Art. 1º Incorporar ao ordenamento jurídico nacional os Requisitos Fitossanitários para Oryza sativa (arroz) segundo País de Destino e Origem para os Estados Partes do MERCOSUL, aprovados pela Resolução MERCOSUL/GMC/RES. nº 07/20, na forma do Anexo a esta Portaria.

Art. 2º Fica revogada a Instrução Normativa MAPA nº 25, de 2 de agosto de 2004, publicada no Diário Oficial da União de 3 de agosto de 2004, edição nº 148, Seção 1, páginas 30 e 31.

Art. 3º Esta Portaria entra em vigor em 3 de maio de 2021.

TEREZA CRISTINA CORREA DA COSTA DIAS

ANEXO

3.7.27 Requisitos Fitossanitários para Oryza sativa (arroz) segundo país de destino e origem para os Estados Partes

I – INTRODUÇÃO

1 – ÂMBITO

O presente Sub-standard estabelece os requisitos fitossanitários harmonizados a serem aplicados pelas Organizações Nacionais de Proteção Fitossanitária (ONPFs) dos Estados Partes no intercâmbio regional para Oryza sativa (arroz).

2 – REFERÊNCIAS

– Standard 3.7 Requisitos Fitossanitários Harmonizados por Categoria de Risco para o Ingresso de Produtos Vegetais, 2ª Revisão, aprovado pela Resolução GMC Nº 52/02.

– Lista das Principais Pragas Quarentenárias para a Região do COSAVE, 2018.

– Listas Nacionais de Pragas Quarentenárias dos Estados Partes, 2018.

– Avaliação de Risco das Pragas: Aphelenchoides besseyi, Burkholderia glumae, Callosobruchus analis, Callosobruchus chinensis, Callosobruchus maculatus, Caperonia palustris, Urophorus humeralis, Corcyra cephalonica, Cyperus difformis, Echinochloa oryzoides, Eragrostis plana, Erigeron canadensis, Latheticus oryzae, Thlaspi arvense.

3 – DESCRIÇÃO

O presente Sub-standard estabelece os requisitos fitossanitários harmonizados a serem utilizados pelas ONPFs dos Estados Partes no intercâmbio regional para Oryza sativa (arroz), em suas diferentes apresentações e organizados por país de destino e origem.

II. 29. A. PAÍS DE DESTINO: ARGENTINA

REQUISITOS FITOSSANITÁRIOS PARA Oryza sativa

CATEGORIA 4

CLASSE 3:Sementes

Código:ORYSA 2 13 01 03 4

Requisitos fitossanitários:

R0– Requer Permissão Fitossanitária de Importação.

R2– O envio deve vir acompanhado pelo CF (ou pelo CFR, se corresponde), onde se certifiquem as Declarações Adicionais solicitadas.

R1– Requer inspeção fitossanitária ao ingresso.

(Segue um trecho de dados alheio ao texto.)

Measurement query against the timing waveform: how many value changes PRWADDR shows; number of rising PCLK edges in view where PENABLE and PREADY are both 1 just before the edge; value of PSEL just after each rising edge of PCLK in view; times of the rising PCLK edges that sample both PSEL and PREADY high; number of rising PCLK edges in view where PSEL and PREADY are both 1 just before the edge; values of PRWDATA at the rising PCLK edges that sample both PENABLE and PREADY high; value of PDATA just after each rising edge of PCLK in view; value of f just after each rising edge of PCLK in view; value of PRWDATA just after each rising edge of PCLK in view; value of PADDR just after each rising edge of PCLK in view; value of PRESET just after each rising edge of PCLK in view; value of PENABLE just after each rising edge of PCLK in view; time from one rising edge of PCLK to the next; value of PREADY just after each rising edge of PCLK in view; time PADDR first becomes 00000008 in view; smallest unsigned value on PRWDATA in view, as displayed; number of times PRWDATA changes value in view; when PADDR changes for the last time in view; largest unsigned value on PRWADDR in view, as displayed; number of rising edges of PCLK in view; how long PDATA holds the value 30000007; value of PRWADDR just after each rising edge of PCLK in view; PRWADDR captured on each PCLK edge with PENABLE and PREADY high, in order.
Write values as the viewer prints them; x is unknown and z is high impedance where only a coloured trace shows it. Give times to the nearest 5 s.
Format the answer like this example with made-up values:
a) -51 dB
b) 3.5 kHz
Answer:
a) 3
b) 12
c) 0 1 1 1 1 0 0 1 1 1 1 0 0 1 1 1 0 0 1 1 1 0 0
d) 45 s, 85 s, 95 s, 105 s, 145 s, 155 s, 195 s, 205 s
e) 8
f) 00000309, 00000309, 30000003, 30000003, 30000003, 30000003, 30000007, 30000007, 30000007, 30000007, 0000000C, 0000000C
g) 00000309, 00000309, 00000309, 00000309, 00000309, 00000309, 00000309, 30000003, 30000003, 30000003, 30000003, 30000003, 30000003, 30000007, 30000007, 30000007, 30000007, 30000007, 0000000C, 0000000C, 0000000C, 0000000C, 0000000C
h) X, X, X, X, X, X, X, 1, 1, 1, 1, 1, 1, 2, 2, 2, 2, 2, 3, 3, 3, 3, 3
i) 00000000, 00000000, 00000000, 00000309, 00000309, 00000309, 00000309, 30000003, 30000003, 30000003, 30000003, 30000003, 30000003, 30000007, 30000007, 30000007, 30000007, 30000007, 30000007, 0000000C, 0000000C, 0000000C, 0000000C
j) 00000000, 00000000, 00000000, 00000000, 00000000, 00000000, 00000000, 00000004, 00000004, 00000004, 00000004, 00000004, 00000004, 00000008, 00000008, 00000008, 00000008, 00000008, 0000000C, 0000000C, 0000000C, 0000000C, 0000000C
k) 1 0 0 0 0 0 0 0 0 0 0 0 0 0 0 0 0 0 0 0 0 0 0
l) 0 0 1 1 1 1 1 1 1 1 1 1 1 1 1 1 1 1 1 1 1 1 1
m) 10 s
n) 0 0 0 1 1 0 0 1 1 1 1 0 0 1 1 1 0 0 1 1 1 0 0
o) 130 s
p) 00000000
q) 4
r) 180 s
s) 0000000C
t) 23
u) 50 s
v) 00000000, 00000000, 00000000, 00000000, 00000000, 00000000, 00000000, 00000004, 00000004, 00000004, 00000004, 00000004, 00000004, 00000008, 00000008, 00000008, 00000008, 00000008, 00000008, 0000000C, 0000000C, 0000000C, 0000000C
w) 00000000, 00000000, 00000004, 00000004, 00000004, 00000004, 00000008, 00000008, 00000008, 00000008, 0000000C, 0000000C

R4– Produto sujeito a Análise Oficial de Laboratório a ingresso.

Declarações Adicionais:

Brasil:

DA5 – O campo de produção de sementes foi submetido a inspeção oficial antes da colheita e não foram detectados Caperonia palustris, Cyperus difformis, Echinochloa oryzoides, Eragrostis plana e Erigeron canadensis.

ou

DA15 – O envio se encontra livre de Caperonia palustris, Cyperus difformis, Echinochloa oryzoides, Eragrostis plana e Erigeron canadensis, de acordo com o resultado da análise oficial de laboratório Nº ( ).

Uruguai:

DA5 – O campo de produção de sementes foi submetido a inspeção oficial antes da colheita e não foram detectados Burkholderia glumae, Cyperus difformis, Echinochloa oryzoides, Eragrostis plana e Erigeron canadensis.

ou

DA15 – O envio se encontra livre de Burkholderia glumae, Cyperus difformis, Echinochloa oryzoides, Eragrostis plana e Erigeron canadensis, de acordo com o resultado da análise oficial de laboratório Nº ( ).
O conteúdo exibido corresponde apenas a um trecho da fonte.